A faithful copy of the listing below is needed, one that contains no pictures.

··········

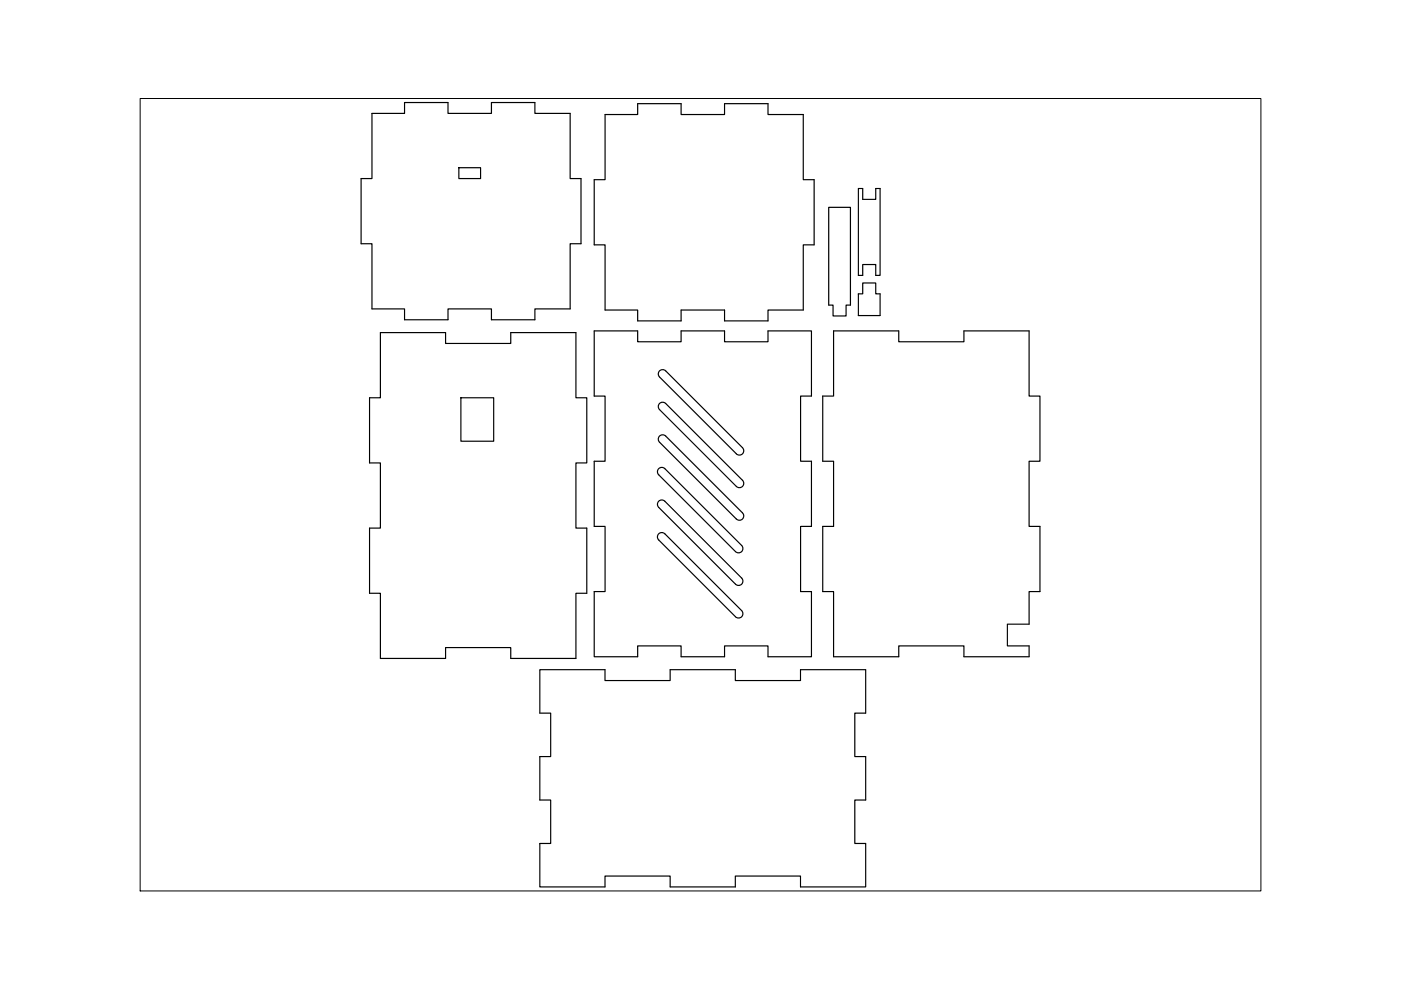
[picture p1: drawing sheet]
<svg xmlns="http://www.w3.org/2000/svg" width="297mm" height="210mm" viewBox="0 0 297 210" stroke-linecap="round" stroke-linejoin="round" font-family="sans-serif">
<!-- layer: 0 -->
<g fill="none" stroke="#000" stroke-width=".25">
<path d="M78.9 24h6.9v-2.3h9.2v2.3h9.2v-2.3h9.2v2.3h7.5v13.9h2.3v13.8h-2.3v13.8h-7.5v2.3h-9.2v-2.3h-9.2v2.3h-9.2v-2.3h-6.9v-13.8h-2.3v-13.8h2.3zM97.3 35.6h4.6v2.3h-4.6zM128.3 24.3h6.9v-2.3h9.2v2.3h9.2v-2.3h9.2v2.3h7.5v13.8h2.3v13.8h-2.3v13.8h-7.5v2.3h-9.2v-2.3h-9.2v2.3h-9.2v-2.3h-6.9v-13.8h-2.3v-13.8h2.3zM182 40h.9v2.3h2.8v-2.3h.9v18.4h-.9v-2.3h-2.8v2.3h-.9zM175.7 44h4.6v20.7h-.9v2.3h-2.8v-2.3h-.9zM182.9 60h2.8v2.3h.9v4.6h-4.6v-4.6h.9zM80.7 70.5h13.8v2.3h13.8v-2.3h13.8v13.8h2.3v13.9h-2.3v13.8h2.3v13.8h-2.3v13.8h-13.8v-2.3h-13.8v2.3h-13.8v-13.8h-2.3v-13.8h2.3v-13.8h-2.3v-13.9h2.3zM126 70.2h9.2v2.3h9.2v-2.3h9.2v2.3h9.2v-2.3h9.2v13.8h-2.3v13.8h2.3v13.8h-2.3v13.8h2.3v13.8h-9.2v-2.3h-9.2v2.3h-9.2v-2.3h-9.2v2.3h-9.2v-13.8h2.3v-13.8h-2.3v-13.8h2.3v-13.8h-2.3zM139.8 78.6a.92 .92 0 0 1 1.3 0l16.3 16.3a.92 .92 0 0 1 0 1.3 .92 .92 0 0 1-1.3 0l-16.3-16.3a.92 .92 0 0 1 0-1.3zM176.7 70.2h13.9v2.3h13.8v-2.3h13.8v13.8h2.3v13.8h-2.3v13.8h2.3v13.8h-2.3v6.9h-4.6v4.6h4.6v2.3h-13.8v-2.3h-13.8v2.3h-13.9v-13.8h-2.3v-13.8h2.3v-13.8h-2.3v-13.8h2.3zM97.7 84.3h7v9.2h-7zM139.7 99.4a.92 .92 0 0 1 1.3 0l16.2 16.2a.92 .92 0 0 1 0 1.3 .92 .92 0 0 1-1.3 0l-16.2-16.2a.92 .92 0 0 1 0-1.3z"/>
<path d="M139.8 85.5a.92 .92 0 0 1 1.3 0l16.3 16.3a.92 .92 0 0 1 0 1.3 .92 .92 0 0 1-1.3 0l-16.3-16.3a.92 .92 0 0 1 0-1.3zM139.8 92.5a.92 .92 0 0 1 1.3 0l16.3 16.2a.92 .92 0 0 1 0 1.3 .92 .92 0 0 1-1.3 0l-16.3-16.2a.92 .92 0 0 1 0-1.3zM139.7 106.3a.92 .92 0 0 1 1.3 0l16.2 16.3a.92 .92 0 0 1 0 1.3 .92 .92 0 0 1-1.3 0l-16.2-16.3a.92 .92 0 0 1 0-1.3zM139.7 113.2a.92 .92 0 0 1 1.3 0l16.2 16.3a.92 .92 0 0 1 0 1.3 .92 .92 0 0 1-1.3 0l-16.2-16.3a.92 .92 0 0 1 0-1.3zM114.5 142h13.8v2.3h13.8v-2.3h13.8v2.3h13.8v-2.3h13.8v9.2h-2.3v9.2h2.3v9.2h-2.3v9.2h2.3v9.2h-13.8v-2.3h-13.8v2.3h-13.8v-2.3h-13.8v2.3h-13.8v-9.2h2.3v-9.2h-2.3v-9.2h2.3v-9.2h-2.3z"/>
</g>
<path d="M29.7 20.9h237.6v168h-237.6z" fill="none" stroke="#000" stroke-width=".21"/>
</svg>

··········

• [Solution to this task]
[picture p1: drawing sheet]
<svg xmlns="http://www.w3.org/2000/svg" width="297mm" height="210mm" viewBox="0 0 297 210" stroke-linecap="round" stroke-linejoin="round" font-family="sans-serif">
<!-- layer: 0 -->
<g fill="none" stroke="#000" stroke-width=".25">
<path d="M78.9 24h6.9v-2.3h9.2v2.3h9.2v-2.3h9.2v2.3h7.5v13.9h2.3v13.8h-2.3v13.8h-7.5v2.3h-9.2v-2.3h-9.2v2.3h-9.2v-2.3h-6.9v-13.8h-2.3v-13.8h2.3zM97.3 35.6h4.6v2.3h-4.6zM128.3 24.3h6.9v-2.3h9.2v2.3h9.2v-2.3h9.2v2.3h7.5v13.8h2.3v13.8h-2.3v13.8h-7.5v2.3h-9.2v-2.3h-9.2v2.3h-9.2v-2.3h-6.9v-13.8h-2.3v-13.8h2.3zM182 40h.9v2.3h2.8v-2.3h.9v18.4h-.9v-2.3h-2.8v2.3h-.9zM175.7 44h4.6v20.7h-.9v2.3h-2.8v-2.3h-.9zM182.9 60h2.8v2.3h.9v4.6h-4.6v-4.6h.9zM80.7 70.5h13.8v2.3h13.8v-2.3h13.8v13.8h2.3v13.9h-2.3v13.8h2.3v13.8h-2.3v13.8h-13.8v-2.3h-13.8v2.3h-13.8v-13.8h-2.3v-13.8h2.3v-13.8h-2.3v-13.9h2.3zM126 70.2h9.2v2.3h9.2v-2.3h9.2v2.3h9.2v-2.3h9.2v13.8h-2.3v13.8h2.3v13.8h-2.3v13.8h2.3v13.8h-9.2v-2.3h-9.2v2.3h-9.2v-2.3h-9.2v2.3h-9.2v-13.8h2.3v-13.8h-2.3v-13.8h2.3v-13.8h-2.3zM139.8 78.6a.92 .92 0 0 1 1.3 0l16.3 16.3a.92 .92 0 0 1 0 1.3 .92 .92 0 0 1-1.3 0l-16.3-16.3a.92 .92 0 0 1 0-1.3zM176.7 70.2h13.9v2.3h13.8v-2.3h13.8v13.8h2.3v13.8h-2.3v13.8h2.3v13.8h-2.3v6.9h-4.6v4.6h4.6v2.3h-13.8v-2.3h-13.8v2.3h-13.9v-13.8h-2.3v-13.8h2.3v-13.8h-2.3v-13.8h2.3zM97.7 84.3h7v9.2h-7zM139.7 99.4a.92 .92 0 0 1 1.3 0l16.2 16.2a.92 .92 0 0 1 0 1.3 .92 .92 0 0 1-1.3 0l-16.2-16.2a.92 .92 0 0 1 0-1.3z"/>
<path d="M139.8 85.5a.92 .92 0 0 1 1.3 0l16.3 16.3a.92 .92 0 0 1 0 1.3 .92 .92 0 0 1-1.3 0l-16.3-16.3a.92 .92 0 0 1 0-1.3zM139.8 92.5a.92 .92 0 0 1 1.3 0l16.3 16.2a.92 .92 0 0 1 0 1.3 .92 .92 0 0 1-1.3 0l-16.3-16.2a.92 .92 0 0 1 0-1.3zM139.7 106.3a.92 .92 0 0 1 1.3 0l16.2 16.3a.92 .92 0 0 1 0 1.3 .92 .92 0 0 1-1.3 0l-16.2-16.3a.92 .92 0 0 1 0-1.3zM139.7 113.2a.92 .92 0 0 1 1.3 0l16.2 16.3a.92 .92 0 0 1 0 1.3 .92 .92 0 0 1-1.3 0l-16.2-16.3a.92 .92 0 0 1 0-1.3zM114.5 142h13.8v2.3h13.8v-2.3h13.8v2.3h13.8v-2.3h13.8v9.2h-2.3v9.2h2.3v9.2h-2.3v9.2h2.3v9.2h-13.8v-2.3h-13.8v2.3h-13.8v-2.3h-13.8v2.3h-13.8v-9.2h2.3v-9.2h-2.3v-9.2h2.3v-9.2h-2.3z"/>
</g>
<path d="M29.7 20.9h237.6v168h-237.6z" fill="none" stroke="#000" stroke-width=".21"/>
</svg>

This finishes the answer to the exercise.